How to std::bind() to create a data member?

Question

I'm generating random values with C++11 nice new generators and distributions. In a function it works like a charm and looks like this:

void foo() {
   mt19937 generator;
   uniform_int_distribution<unsigned> distribution;
   auto dice = bind(distribution, generator);
   // dice() will now give a random unsigned value
}

But how can I put all three objects in a class as data members? I can simply write generator and distribution as data members, but how do I make dice a data member without knowing (or wanting to know) its exact type? Suprisingly this

class X {
   mt19937 generator;
   uniform_int_distribution<unsigned> distribution;
   decltype(bind(distribution, generator)) dice;
};

yields the error error C2660: 'bind' : function does not take 2 arguments in Visual Studio 2013.

Answer 1

You could always gasp write a function instead of using a lambda/bind/etc.:

class X {
   mt19937 generator;
   uniform_int_distribution<unsigned> distribution;
public:
   auto dice() -> decltype(distribution(generator)) {
     return distribution(generator);
   }
   // or alternatively
   auto operator() () -> decltype(distribution(generator)) {
     return distribution(generator);
   }
};

Bonus points for parameterizing on the type of the generator and/or distribution, and for holding the generator with a std::shared_ptr so that you can make several objects with differing distributions that share the same engine. You'll eventually want a constructor to seed the generator as well - Ideally with something like std::random_device{}().

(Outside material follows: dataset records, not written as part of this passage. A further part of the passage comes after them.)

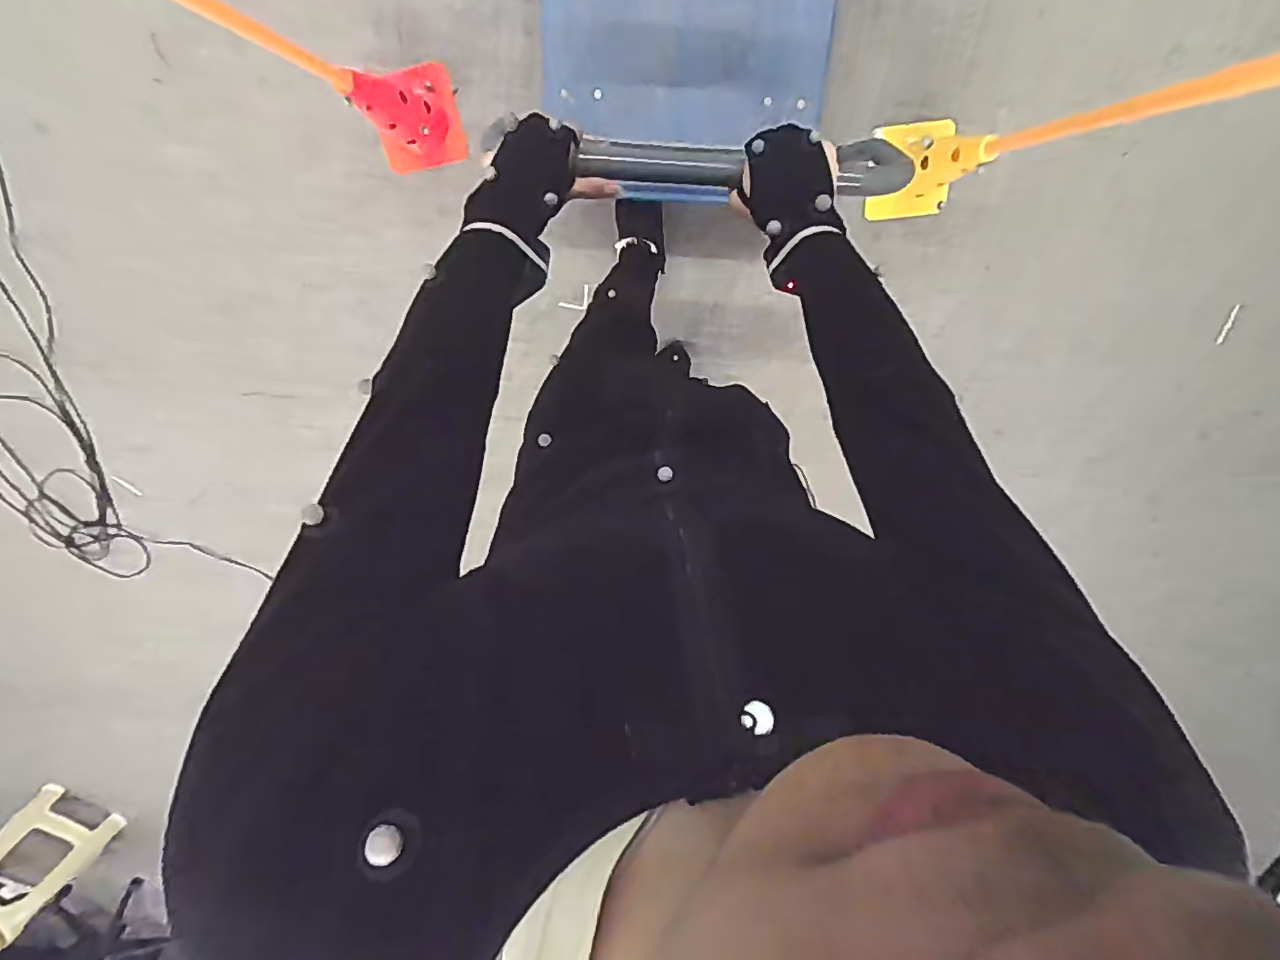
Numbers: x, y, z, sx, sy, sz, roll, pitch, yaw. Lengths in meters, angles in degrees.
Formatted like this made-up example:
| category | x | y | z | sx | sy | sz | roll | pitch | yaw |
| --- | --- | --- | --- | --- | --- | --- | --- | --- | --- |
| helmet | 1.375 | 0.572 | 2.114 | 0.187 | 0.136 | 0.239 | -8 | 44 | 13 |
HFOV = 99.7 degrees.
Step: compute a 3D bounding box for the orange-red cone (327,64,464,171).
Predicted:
| category | x | y | z | sx | sy | sz | roll | pitch | yaw |
| --- | --- | --- | --- | --- | --- | --- | --- | --- | --- |
| orange-red cone | -0.534 | -0.784 | 1.120 | 0.199 | 0.360 | 0.198 | -8 | 113 | 6 |

Or, the answer I think you are looking for:

class X {
   mt19937 generator{std::random_device{}()};
   uniform_int_distribution<unsigned> distribution{1,6};
public:
   decltype(bind(std::ref(distribution), std::ref(generator))) dice{
     bind(std::ref(distribution), std::ref(generator))
   };
};

I'm sorry I mocked you for trying to use bind in the first place: it's actually kind of neat that you can write this class with "no code" in C++11. We need to get type-inference for class member declarations in C++17 so this could be:

class X {
   auto generator = mt19937{std::random_device{}()};
   auto distribution = uniform_int_distribution<unsigned>{1,6};
public:
   auto dice = bind(std::ref(distribution), std::ref(generator));
};

Given that the latest Concepts Lite paper proposes using concept names anywhere in the language where auto can appear to mean "infer type, ill-formed if type doesn't model named concept," auto member declarations may not be out of the question.

Answer 2

It works on GCC. I’m pretty sure that’s just a compiler bug. Unfortunately this means that you have to bite the bitter pill and use one of the workarounds described in the other answers.

Answer 3

The result of std::bind is unspecified: this means that you cannot store its raw result without type inference. However, you can use std::function to encapsulate the result of bind:

#include <functional>
std::function<unsigned()> dice(std::bind(distribution, generator));
auto result = dice();

EDIT: As whoever said above, this is most clearly a Visual Studio issue. I can confirm that this compiles with VS2013:

#include <functional>
#include <random>

using namespace std;

class X {
    mt19937 generator;
    uniform_int_distribution<unsigned> distribution;
    std::function<unsigned()> dice;

public:
    X() : dice(bind(distribution, generator)) {}

    unsigned roll() { return dice(); }
};

but changing the type of dice to decltype(bind(distribution, generator)) makes the whole thing fail with flying colors (even though it still works with clang).